Collected data entries:
-------

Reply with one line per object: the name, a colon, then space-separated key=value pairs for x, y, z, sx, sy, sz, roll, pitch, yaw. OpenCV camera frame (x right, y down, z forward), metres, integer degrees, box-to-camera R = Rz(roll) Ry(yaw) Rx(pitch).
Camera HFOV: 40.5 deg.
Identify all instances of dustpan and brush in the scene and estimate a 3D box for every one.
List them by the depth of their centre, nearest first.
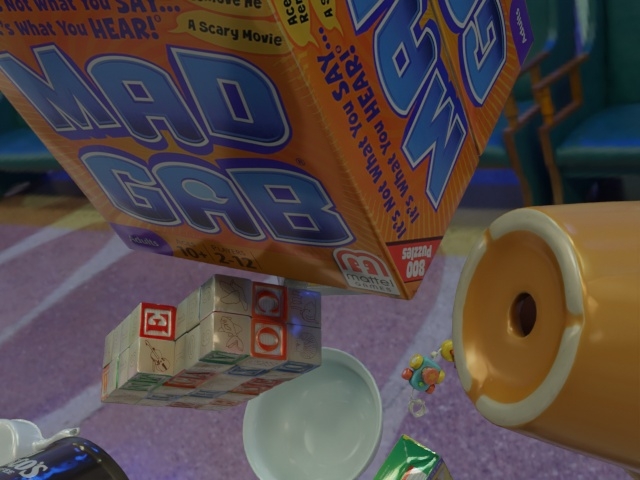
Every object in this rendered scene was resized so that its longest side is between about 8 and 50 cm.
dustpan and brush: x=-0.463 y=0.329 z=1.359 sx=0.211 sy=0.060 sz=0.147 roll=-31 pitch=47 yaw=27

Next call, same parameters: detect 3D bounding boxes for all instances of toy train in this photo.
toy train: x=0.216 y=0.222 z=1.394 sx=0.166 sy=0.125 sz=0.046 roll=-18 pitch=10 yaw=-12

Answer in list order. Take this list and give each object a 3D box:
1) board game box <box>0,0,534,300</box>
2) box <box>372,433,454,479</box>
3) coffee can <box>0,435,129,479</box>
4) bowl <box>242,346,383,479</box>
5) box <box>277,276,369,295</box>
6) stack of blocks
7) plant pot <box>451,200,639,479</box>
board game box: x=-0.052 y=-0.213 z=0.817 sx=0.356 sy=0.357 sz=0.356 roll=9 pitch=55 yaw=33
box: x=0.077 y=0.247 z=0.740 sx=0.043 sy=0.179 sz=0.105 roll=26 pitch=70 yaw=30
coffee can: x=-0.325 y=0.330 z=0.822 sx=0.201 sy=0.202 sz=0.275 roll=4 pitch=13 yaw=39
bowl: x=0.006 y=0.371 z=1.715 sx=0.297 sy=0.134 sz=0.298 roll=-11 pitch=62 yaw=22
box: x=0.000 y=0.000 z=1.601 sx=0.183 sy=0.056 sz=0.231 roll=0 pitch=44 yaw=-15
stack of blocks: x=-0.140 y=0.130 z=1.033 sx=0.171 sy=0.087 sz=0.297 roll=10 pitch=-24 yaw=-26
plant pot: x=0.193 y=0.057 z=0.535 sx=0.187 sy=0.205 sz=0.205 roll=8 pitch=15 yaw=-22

-------

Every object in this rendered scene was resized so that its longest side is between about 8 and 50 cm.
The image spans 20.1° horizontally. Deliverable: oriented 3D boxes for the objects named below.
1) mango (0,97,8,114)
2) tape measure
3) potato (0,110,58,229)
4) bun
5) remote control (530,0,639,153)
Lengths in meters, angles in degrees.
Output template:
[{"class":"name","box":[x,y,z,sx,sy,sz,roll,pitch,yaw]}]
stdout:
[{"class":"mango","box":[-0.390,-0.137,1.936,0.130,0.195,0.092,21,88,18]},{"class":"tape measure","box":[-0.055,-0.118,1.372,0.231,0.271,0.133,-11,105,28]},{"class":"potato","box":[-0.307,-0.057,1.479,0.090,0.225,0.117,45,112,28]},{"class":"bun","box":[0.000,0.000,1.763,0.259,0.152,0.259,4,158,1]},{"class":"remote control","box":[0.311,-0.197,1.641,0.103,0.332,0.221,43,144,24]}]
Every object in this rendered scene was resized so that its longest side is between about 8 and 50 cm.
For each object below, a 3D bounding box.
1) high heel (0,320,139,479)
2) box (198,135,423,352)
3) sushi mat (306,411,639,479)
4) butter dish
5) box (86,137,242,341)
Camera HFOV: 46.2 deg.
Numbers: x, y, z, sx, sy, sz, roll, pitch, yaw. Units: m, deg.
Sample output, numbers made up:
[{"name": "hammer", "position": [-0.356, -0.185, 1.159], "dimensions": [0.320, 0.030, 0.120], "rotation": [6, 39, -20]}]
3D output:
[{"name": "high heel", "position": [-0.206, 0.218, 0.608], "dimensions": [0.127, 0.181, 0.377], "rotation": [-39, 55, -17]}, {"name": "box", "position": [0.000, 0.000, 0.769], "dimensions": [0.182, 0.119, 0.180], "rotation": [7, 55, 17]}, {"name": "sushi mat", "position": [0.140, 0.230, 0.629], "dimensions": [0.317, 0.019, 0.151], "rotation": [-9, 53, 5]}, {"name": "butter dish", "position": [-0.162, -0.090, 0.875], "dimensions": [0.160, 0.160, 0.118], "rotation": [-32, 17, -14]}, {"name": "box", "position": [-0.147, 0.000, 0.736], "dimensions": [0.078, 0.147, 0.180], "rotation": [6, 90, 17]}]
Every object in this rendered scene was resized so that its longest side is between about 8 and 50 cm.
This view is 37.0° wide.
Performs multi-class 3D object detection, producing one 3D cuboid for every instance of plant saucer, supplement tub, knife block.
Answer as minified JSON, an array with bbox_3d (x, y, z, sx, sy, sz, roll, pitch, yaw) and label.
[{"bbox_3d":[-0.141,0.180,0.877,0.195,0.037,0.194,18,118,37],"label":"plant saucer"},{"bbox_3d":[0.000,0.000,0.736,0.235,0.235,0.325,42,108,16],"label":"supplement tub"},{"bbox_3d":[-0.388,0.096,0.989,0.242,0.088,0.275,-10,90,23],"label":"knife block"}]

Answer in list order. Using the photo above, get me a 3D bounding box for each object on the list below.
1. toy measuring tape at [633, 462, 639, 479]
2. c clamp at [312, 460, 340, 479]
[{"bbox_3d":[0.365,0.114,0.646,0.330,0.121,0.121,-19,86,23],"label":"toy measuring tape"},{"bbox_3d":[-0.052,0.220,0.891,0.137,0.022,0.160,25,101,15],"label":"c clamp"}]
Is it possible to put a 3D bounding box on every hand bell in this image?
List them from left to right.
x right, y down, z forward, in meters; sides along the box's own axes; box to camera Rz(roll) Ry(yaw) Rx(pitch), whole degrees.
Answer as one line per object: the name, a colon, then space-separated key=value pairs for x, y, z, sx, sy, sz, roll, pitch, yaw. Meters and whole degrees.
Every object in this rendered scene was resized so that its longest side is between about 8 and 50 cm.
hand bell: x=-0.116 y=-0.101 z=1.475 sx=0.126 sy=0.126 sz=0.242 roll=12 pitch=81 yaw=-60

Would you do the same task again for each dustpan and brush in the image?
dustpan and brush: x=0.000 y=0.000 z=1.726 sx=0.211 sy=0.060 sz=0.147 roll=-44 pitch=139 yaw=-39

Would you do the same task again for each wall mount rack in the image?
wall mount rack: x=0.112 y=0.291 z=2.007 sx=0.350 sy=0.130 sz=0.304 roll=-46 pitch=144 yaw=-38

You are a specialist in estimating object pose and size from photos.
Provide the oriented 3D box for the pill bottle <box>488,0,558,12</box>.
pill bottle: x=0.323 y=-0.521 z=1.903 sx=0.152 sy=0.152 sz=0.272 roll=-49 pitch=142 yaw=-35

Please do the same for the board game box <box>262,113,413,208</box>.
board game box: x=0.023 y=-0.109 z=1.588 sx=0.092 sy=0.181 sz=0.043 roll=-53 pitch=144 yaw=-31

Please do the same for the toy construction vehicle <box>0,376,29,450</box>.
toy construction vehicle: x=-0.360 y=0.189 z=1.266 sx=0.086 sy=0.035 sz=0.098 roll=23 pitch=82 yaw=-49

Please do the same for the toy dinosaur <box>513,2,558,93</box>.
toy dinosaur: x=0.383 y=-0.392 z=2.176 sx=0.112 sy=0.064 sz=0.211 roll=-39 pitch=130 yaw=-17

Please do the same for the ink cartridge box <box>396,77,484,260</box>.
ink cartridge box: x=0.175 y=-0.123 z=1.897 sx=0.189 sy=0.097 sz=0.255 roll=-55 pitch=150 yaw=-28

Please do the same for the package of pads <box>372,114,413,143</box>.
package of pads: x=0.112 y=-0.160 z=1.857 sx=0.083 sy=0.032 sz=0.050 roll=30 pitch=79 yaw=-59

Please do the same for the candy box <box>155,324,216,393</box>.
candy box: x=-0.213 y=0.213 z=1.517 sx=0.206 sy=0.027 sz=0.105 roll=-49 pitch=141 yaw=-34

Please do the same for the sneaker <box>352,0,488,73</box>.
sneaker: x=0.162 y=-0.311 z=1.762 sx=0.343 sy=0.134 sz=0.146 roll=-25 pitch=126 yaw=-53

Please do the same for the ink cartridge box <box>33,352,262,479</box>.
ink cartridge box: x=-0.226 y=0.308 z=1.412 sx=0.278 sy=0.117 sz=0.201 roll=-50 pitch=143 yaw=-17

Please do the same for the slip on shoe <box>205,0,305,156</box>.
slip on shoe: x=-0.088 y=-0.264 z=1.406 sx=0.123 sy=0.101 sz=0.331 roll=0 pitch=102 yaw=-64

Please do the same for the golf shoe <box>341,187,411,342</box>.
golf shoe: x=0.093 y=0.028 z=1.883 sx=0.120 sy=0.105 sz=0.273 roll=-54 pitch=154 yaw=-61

-------

Directions:
Match on "below" and report each line of the data above that has it.

Exercise solution:
The image spans 20.1° horizontally. Deliverable: oriented 3D boxes for the objects named below.
For each object below, a 3D bounding box.
Answer in list order. Using the photo above, get me a 3D bounding box for each object on the list below.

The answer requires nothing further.